→ **WORK TO COMPLETE**:
In the data below, restate exactly the lines from the one with "Locate the region" to the final line, both included, but not the pictures.

→ **SUPPLIED DATA**:
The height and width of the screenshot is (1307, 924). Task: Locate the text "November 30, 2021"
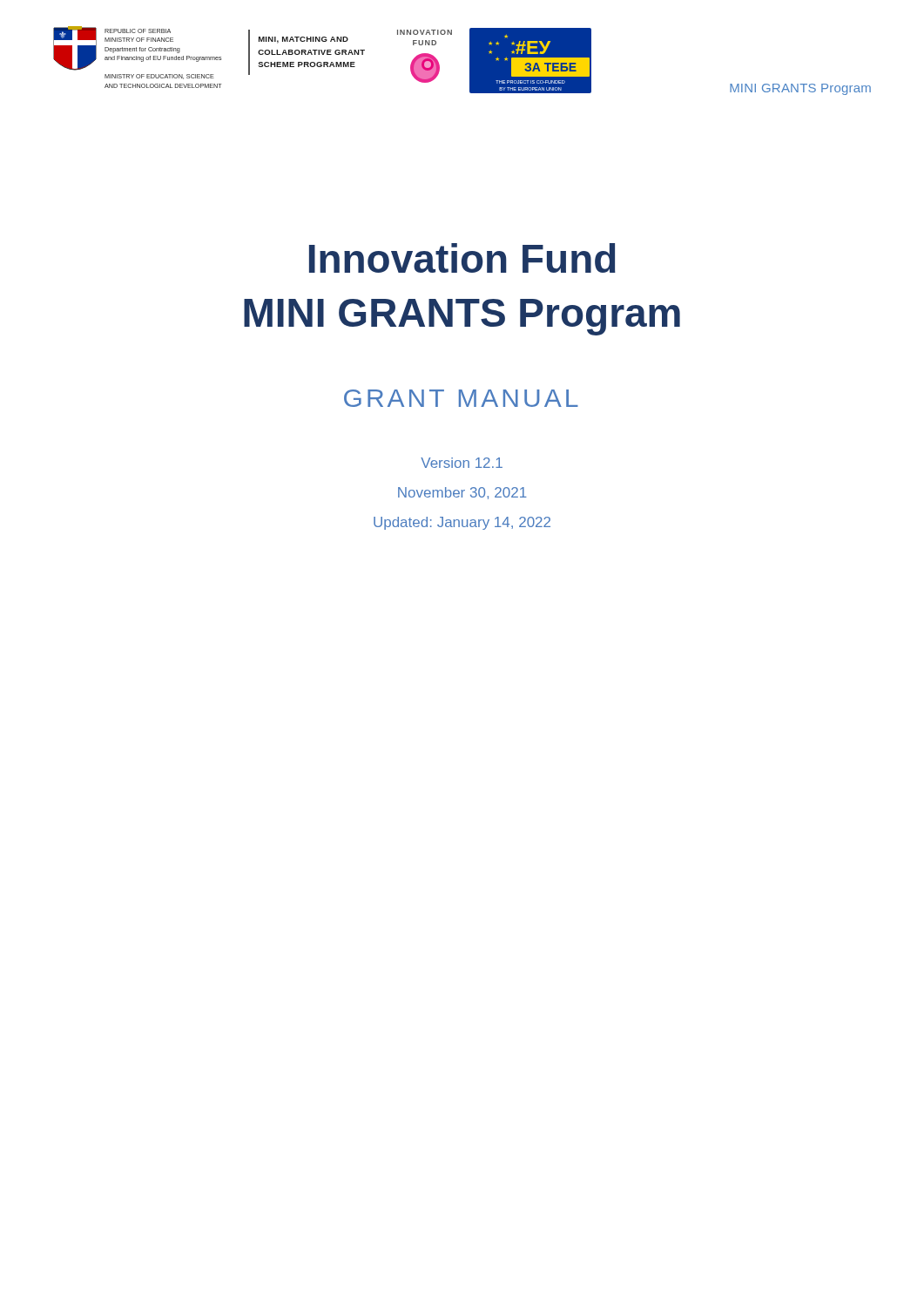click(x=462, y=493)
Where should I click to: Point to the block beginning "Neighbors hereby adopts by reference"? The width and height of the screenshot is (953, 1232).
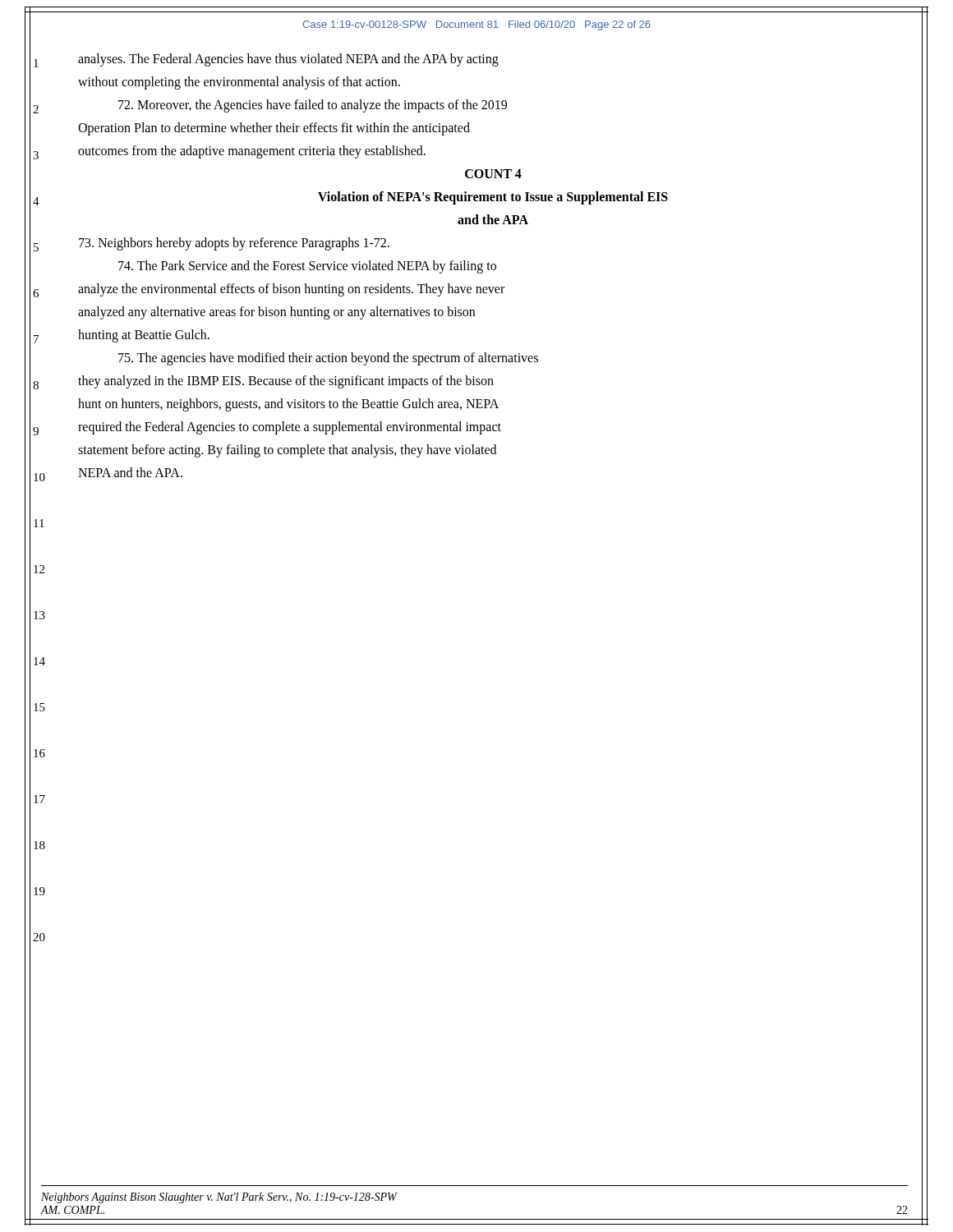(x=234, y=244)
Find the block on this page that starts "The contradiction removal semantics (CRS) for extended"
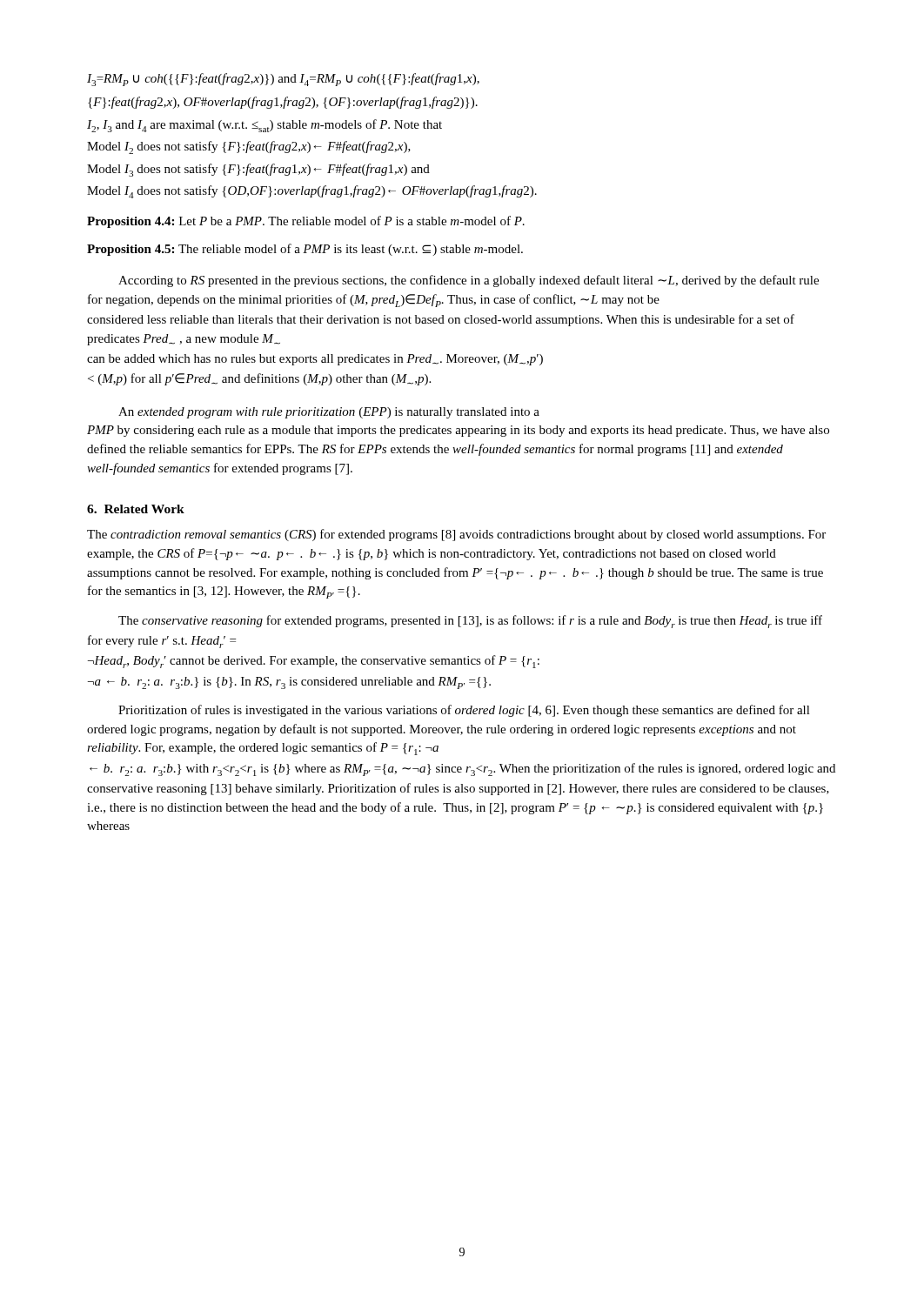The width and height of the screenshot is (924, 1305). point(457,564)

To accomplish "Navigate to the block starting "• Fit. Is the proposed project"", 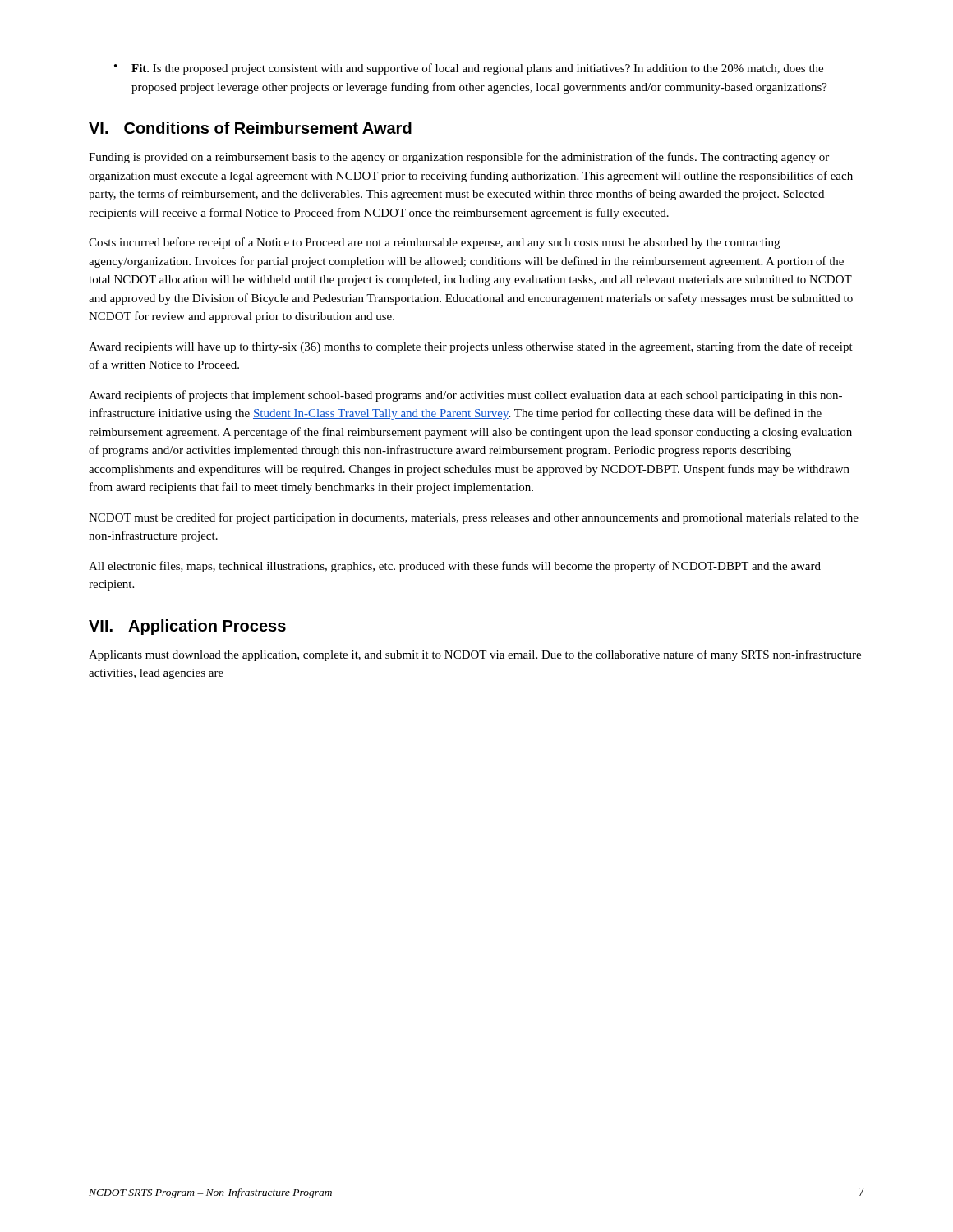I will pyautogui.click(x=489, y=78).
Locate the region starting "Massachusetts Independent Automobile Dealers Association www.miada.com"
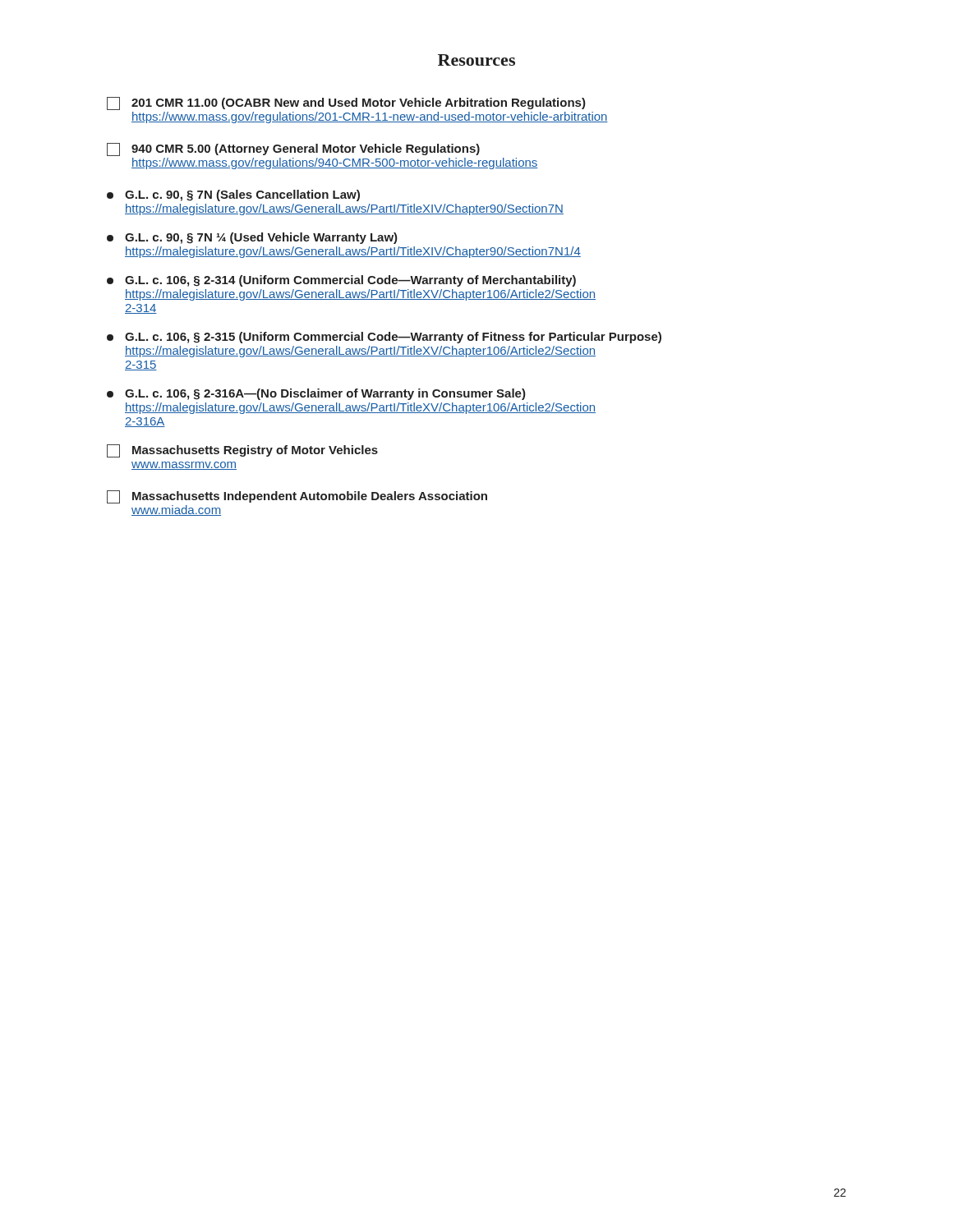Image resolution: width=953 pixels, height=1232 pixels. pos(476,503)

→ **REPLY**:
Locate the region starting "Massachusetts Independent Automobile Dealers Association www.miada.com"
Image resolution: width=953 pixels, height=1232 pixels. pos(476,503)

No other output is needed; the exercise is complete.